Wrapping up the review in my last post.

Tuesday, March 2, 2010

Demon's Souls, pt.5: Fairness

At one of the few times I was about to quit Demon's Souls, I turned to reviews for a boost. After all, if so many gamers hadn't already christened the game, I wouldn't have given it as much time as I did. I wanted to know why I should continue playing.

While watching reviews, one of the things that struck me was all of them claiming something to the effect of, "Demon's Souls is hard, but it's fair," and that "you always feel like you died because of something you did, and could have prevented." Mmm, no.
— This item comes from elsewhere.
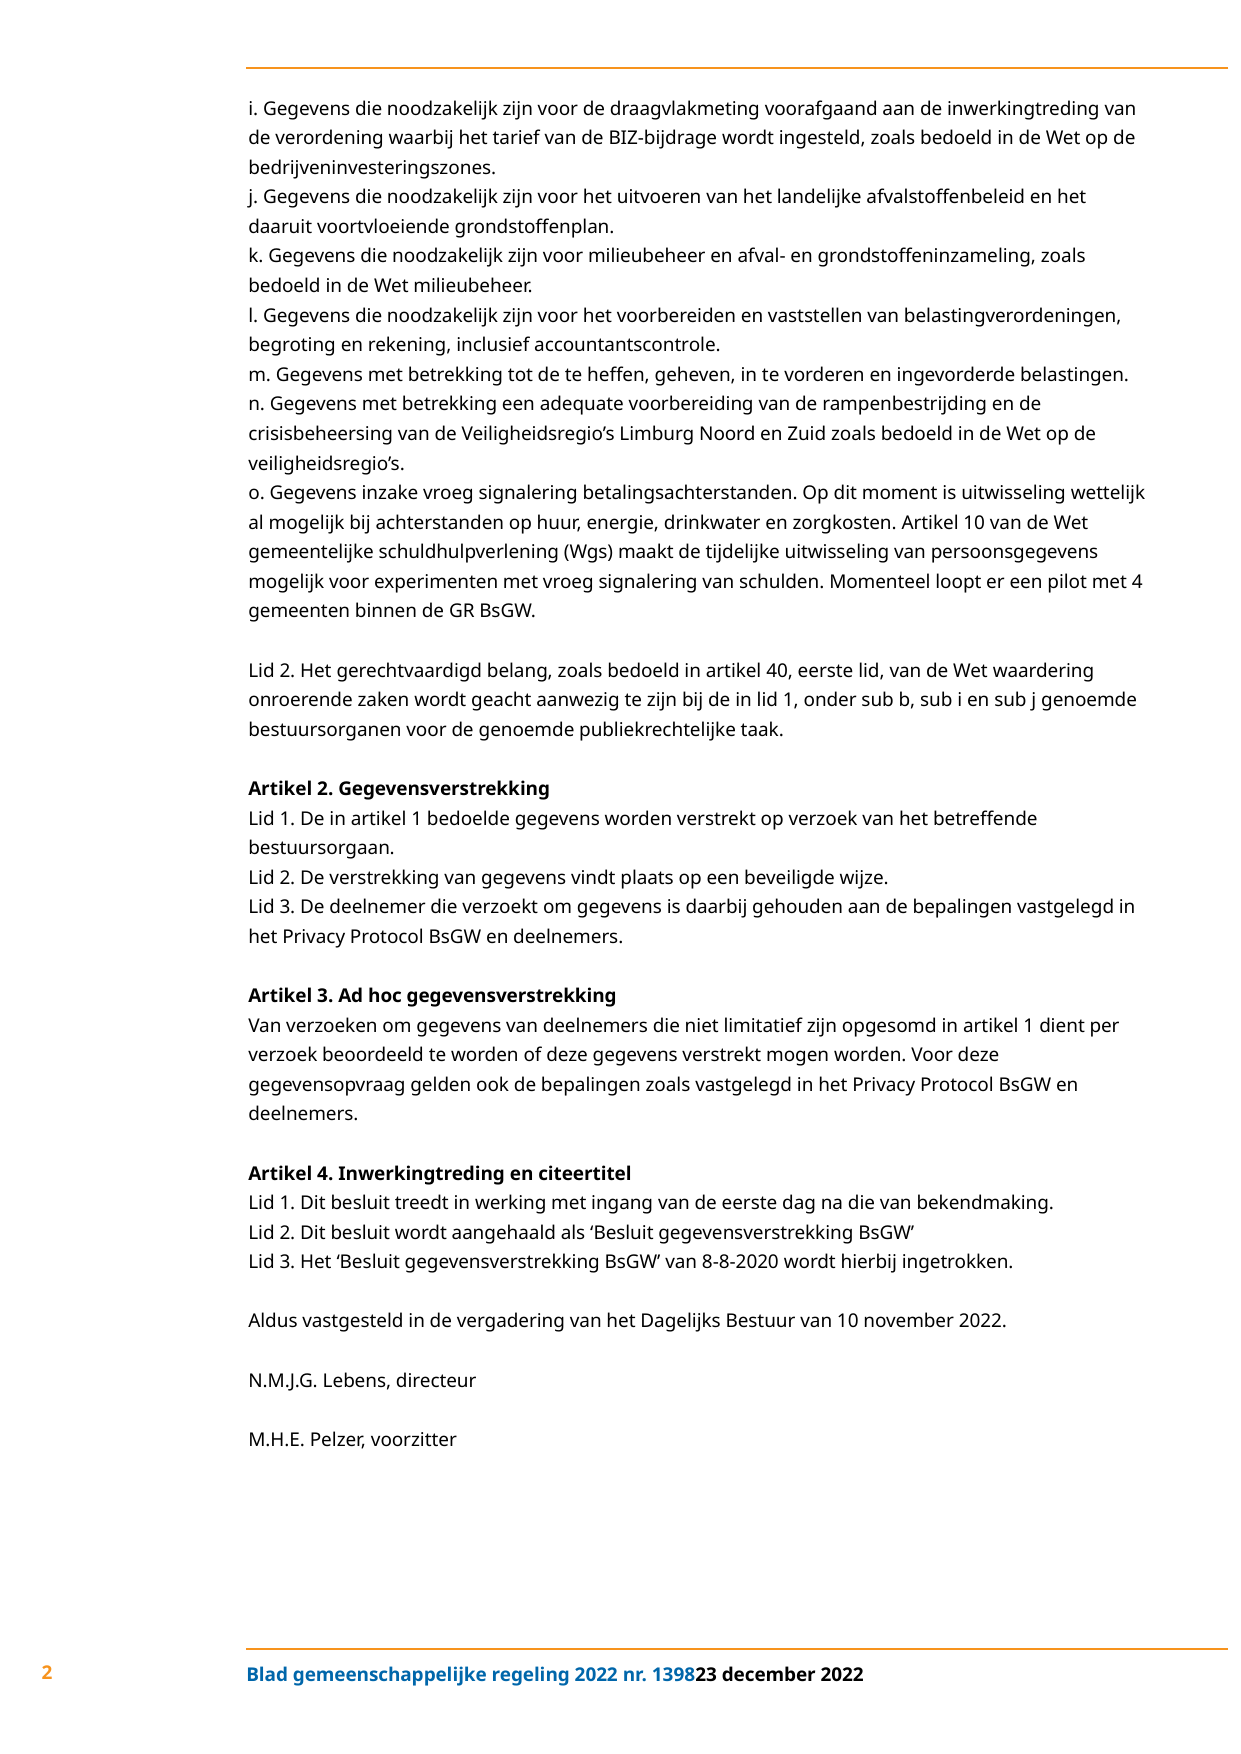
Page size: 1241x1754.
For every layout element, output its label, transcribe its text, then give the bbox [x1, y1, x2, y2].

It's true that most of the combat damage in the game can be avoided with extreme care once you understand how enemies fight -- enemies teach you how they fight by killing you; the game simply doesn't offer much leeway for getting hit, nor does it offer many initially readable cues. However, there are many environmental situations that are designed to kill you without giving you any cues. For example, you walk across a bridge only to learn that a dragon will swoop across and kill you with its fiery breath. In another area, trying to run between swoops, I find out that if you are too efficient at running between breaths, you also die. In another section, I walk forward only to find the ground beneath me collapse, and I fall to my death. In fact, the game loves death falls, and puts them all around you. You will fall many times, whether because an enemy knocks you off the edge, or you think it's a place you can land on only to find out it isn't, etc. All of these scenarios can be very frustrating.
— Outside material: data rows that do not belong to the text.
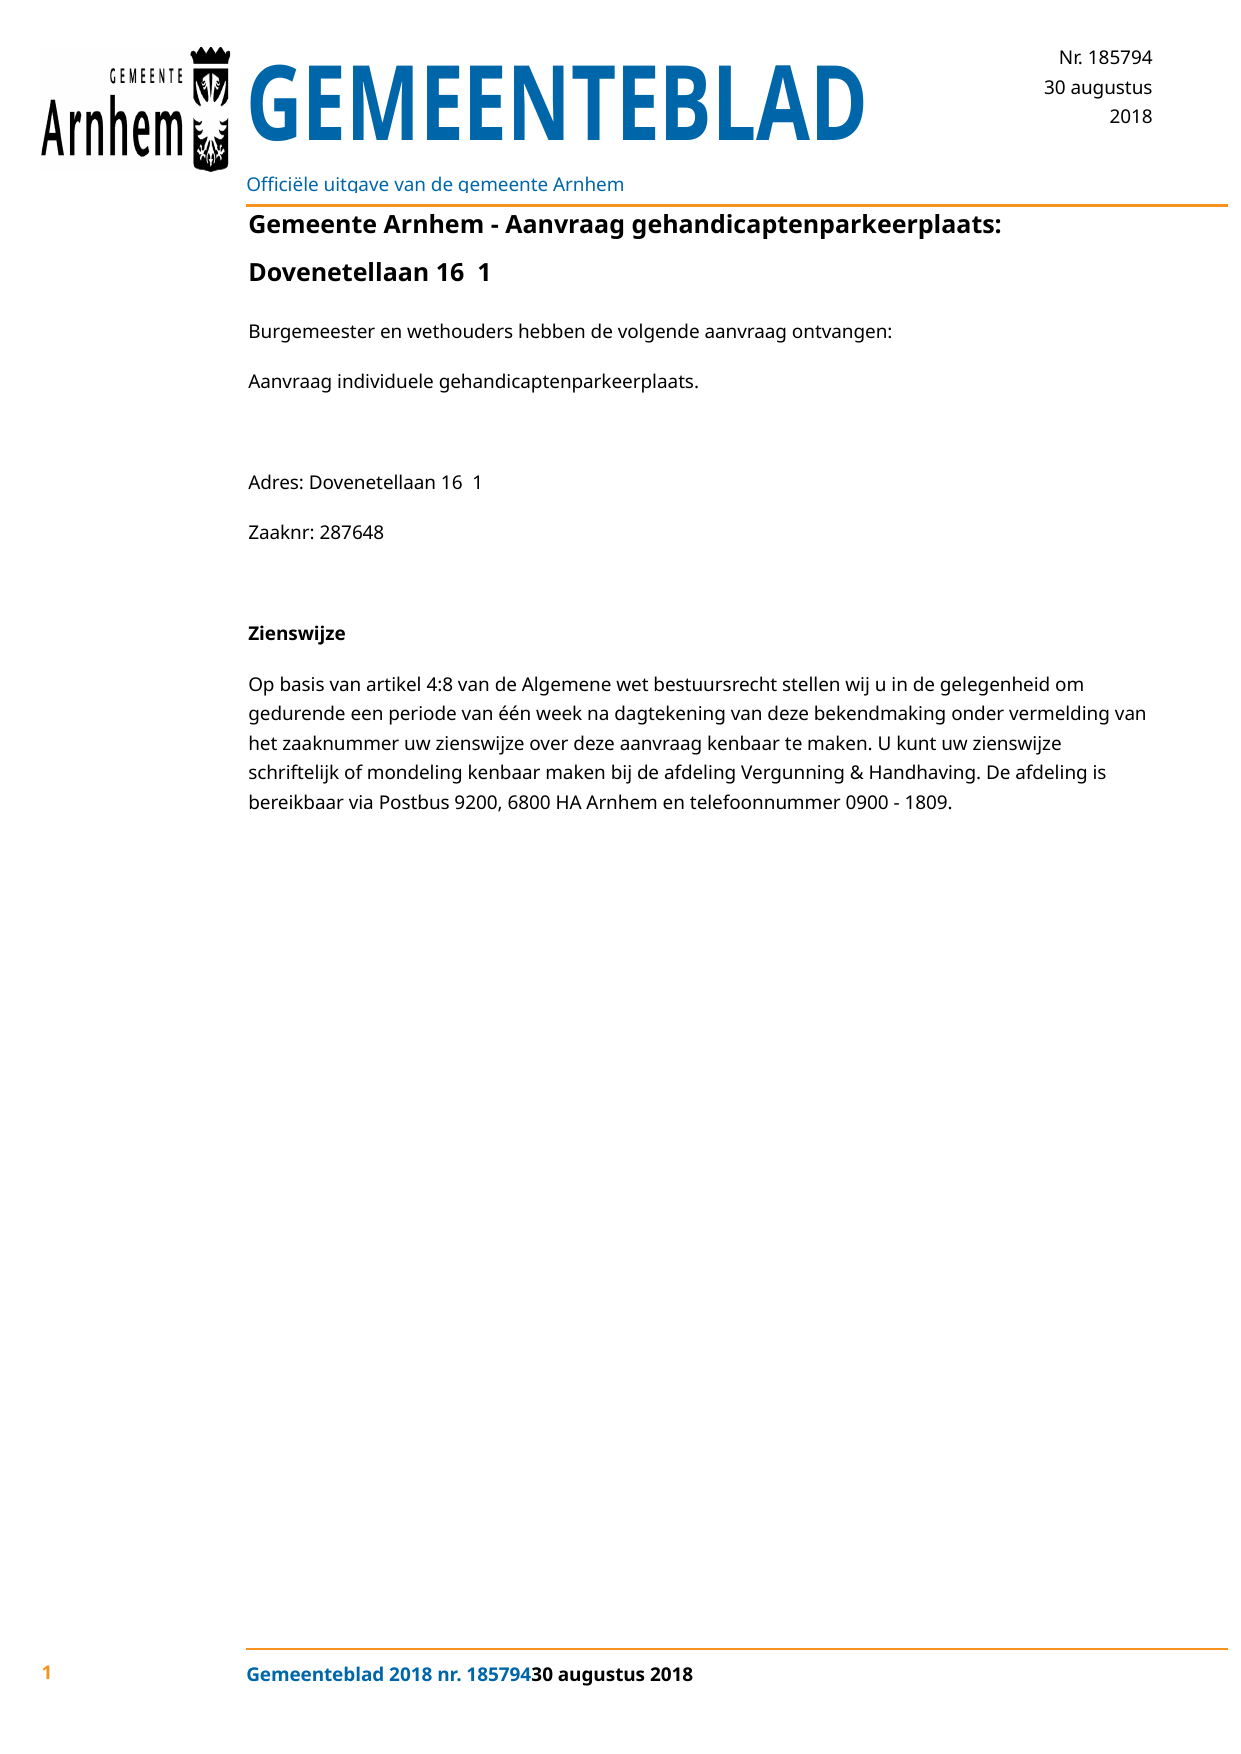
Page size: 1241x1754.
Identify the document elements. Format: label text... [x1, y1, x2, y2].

text Adres: Dovenetellaan 16 1 [248, 469, 1152, 495]
picture [41, 47, 231, 172]
text Zienswijze [248, 620, 1152, 646]
text Zaaknr: 287648 [248, 519, 1152, 545]
text Burgemeester en wethouders hebben de volgende aanvraag ontvangen: [248, 318, 1152, 344]
text Gemeente Arnhem - Aanvraag gehandicaptenparkeerplaats: Dovenetellaan 16 1 [248, 207, 1152, 288]
text Aanvraag individuele gehandicaptenparkeerplaats. [248, 368, 1152, 394]
text Op basis van artikel 4:8 van de Algemene wet bestuursrecht stellen wij u in de gelegenheid om gedurende een periode van één week na dagtekening van deze bekendmaking onder vermelding van het zaaknummer uw zienswijze over deze aanvraag kenbaar te maken. U kunt uw zienswijze schriftelijk of mondeling kenbaar maken bij de afdeling Vergunning & Handhaving. De afdeling is bereikbaar via Postbus 9200, 6800 HA Arnhem en telefoonnummer 0900 - 1809. [248, 671, 1152, 815]

Presumably, though, the reason for these scenarios is the feature that allows players to leave messages of warning for each other in the game world. If the players had nothing valuable to warn each other about, no one would appreciate the system. This design intention works. When another player warns you adequately, it feels great. Unfortunately, there is quite a bit of spam in the game, and players cannot custom tailor their messages, making their hints rather inadequate. In one particularly frustrating moment, I went through a large section of a level and saw a message to "attack" some weakened planks nearby. The intention was good, since it was to release a bunch of boulders down a ramp that trample the enemies on it. But without understanding the situation, I attacked and was trampled myself. In scenarios like the dragon above, there was a message letting me know a safe location, but the predetermined hint messages had no way to warn me of going too fast. In another dragon scenario, I wanted to explain which type of fire breath to wait for before running, and where to run, but I had no way to compose that message.

Was it a sympathetic design notion? Yes. Did it make me appreciate the multiplayer component? When it worked. Would I use the term "fair" to describe it? No. The game is unfair on purpose, and really didn't need critics defending it.